# 50amp 125/250 plug requirments



## cybersnoopy (May 23, 2008)

All.

I have a home that I recently purchased that is wired w/ a disconnect for alternative power source (generator). I would like to purchase a generator for this purpose. My dilemma is that I'm not sure as to the specifications for the plug for the generator to match up w/ the plug on the disconnect panel. 

The specs on the male plug on the disconnect panel are:
50amp 125/250 w/ 3 prongs-twist lock.

Can I use a generator that has a plug specs of ?
30amp 120v w/ 3 prongs-twist lock.

Thanks in advance for any & all support.


----------



## craigwatanabe (Jan 28, 2008)

No the twist locks on a 250vac is for two phase and the one you're suggesting is for 125vac single phase. 

That 250vac twistlock is used to separate the two 125vac lines into independent 125vac services at 50-amps as well as run a single service 250vac two phase circuit.

In order to hook up a generator to your power disconnect panel, your generator must be able to run a single twin-phase 250vac service. That disconnect panel was designed to handle the load requirements of a water heater, range, stove top or electric dryer as well as every 125vac circuit in your home, in other words enough power to run the entire house.

A generator that allows for only a 30-amp 125vac output can only be hooked up to your 125vac 15 and 20 amp circuits, such as your overhead lighting, living room and bedroom circuits that uses 15-amps, or your bathroom, kitchen, garage, outdoor GFCI circuits that use 20-amps. 

Even though your generator has a 30-amp load capacity, according to your post it's only for single-phase 125vac circuits. Your water heater, elecric dryer, range, stovetop use 30-amp circuits, however that's at a two-phase 250vac circuit.

Even if your generator can put out 30-amps at 250vac two phase, it's not enough to handle even those 30-amp circuits because that generator will be running at 100% output ALL THE TIME. For example even though a Mazda 323 can go 70-MPH, but sustain that speed and the engine will fail in short order. 

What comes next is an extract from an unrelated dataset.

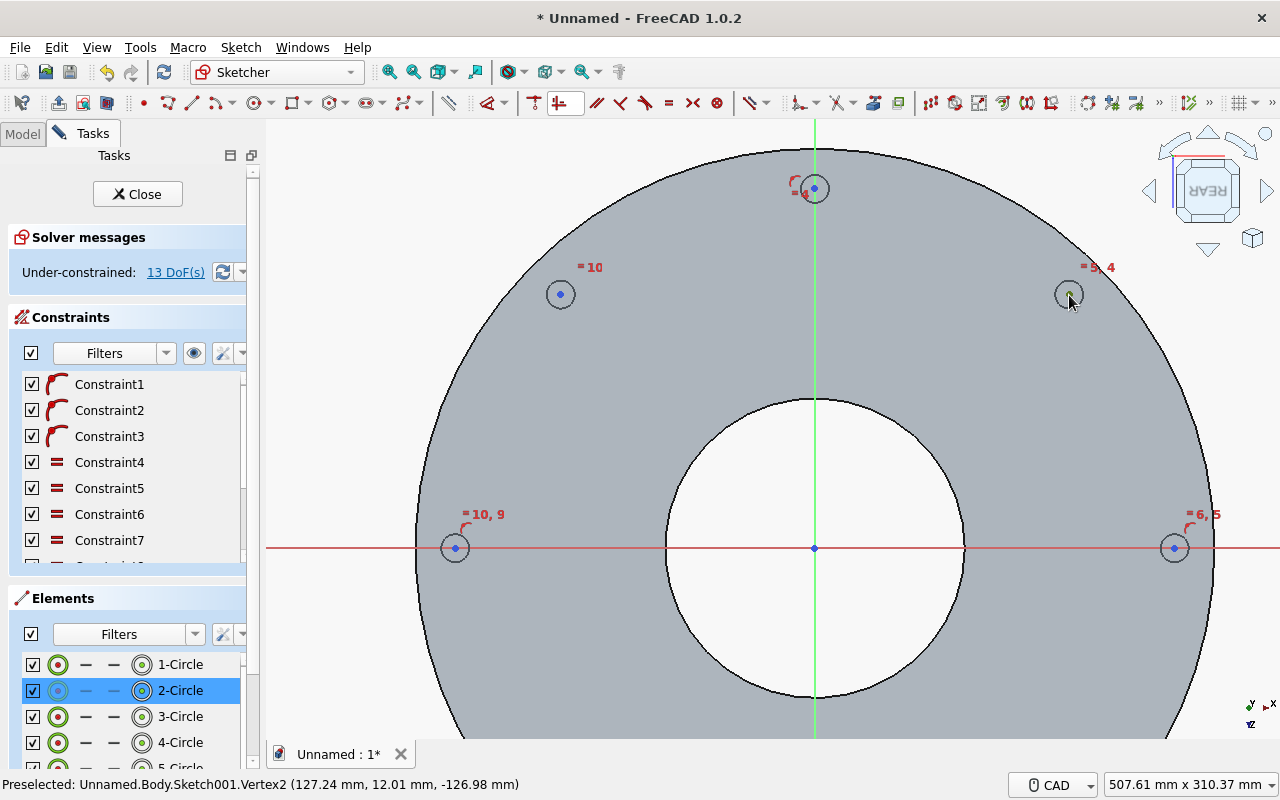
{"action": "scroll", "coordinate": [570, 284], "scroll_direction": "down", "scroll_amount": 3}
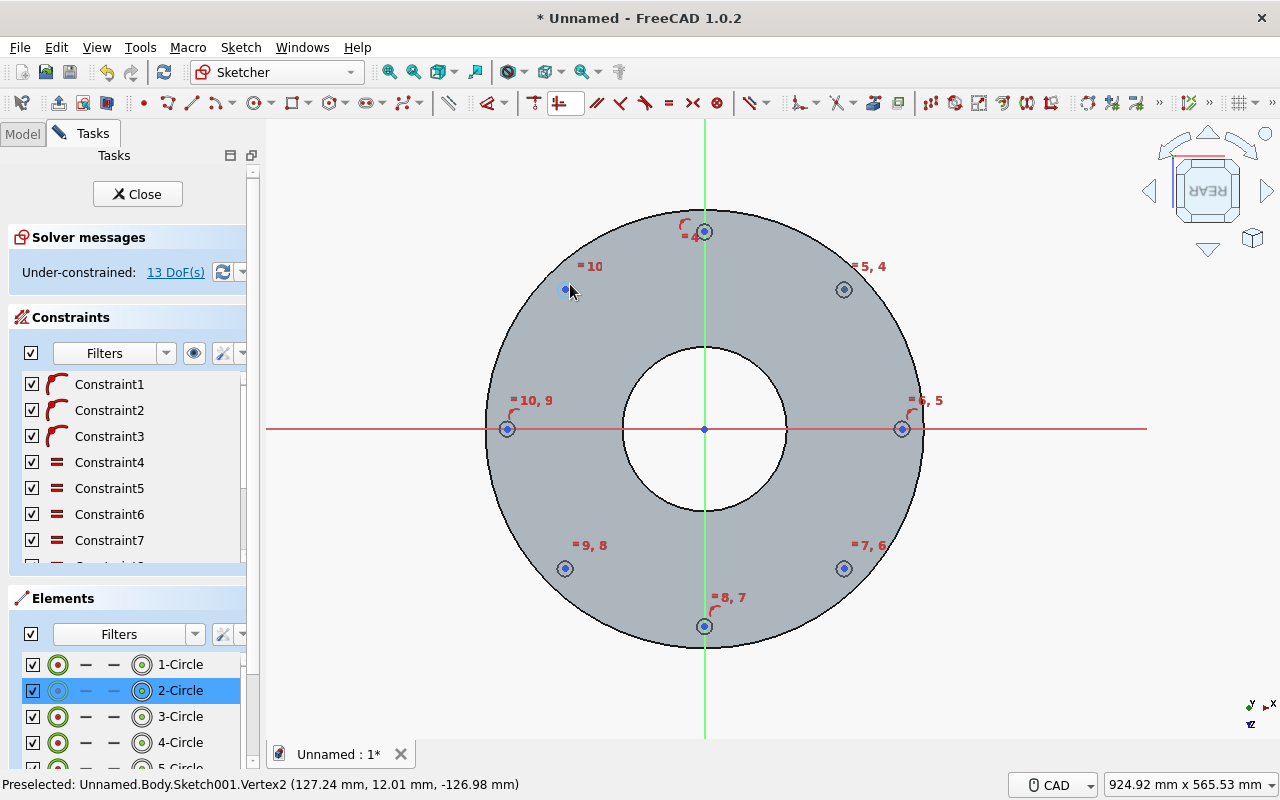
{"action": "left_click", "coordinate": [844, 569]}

A 50-amp generator gives you a 20-amp headroom. That generator will be running at 40% so it's a cakewalk for it. But a 30-amp generator is screaming along at 100% and is begging for mercy the minute you power it up.

Typically a generator rated at 30-amps at 125vac is used primarily as a construction jobsite generator to power hand tools to small table saws. 

The kinds of generators used to hook up to power disconnect boxes such as yours are rated in the class of standby power generation and are quite a bit more expensive than jobsite generators.


----------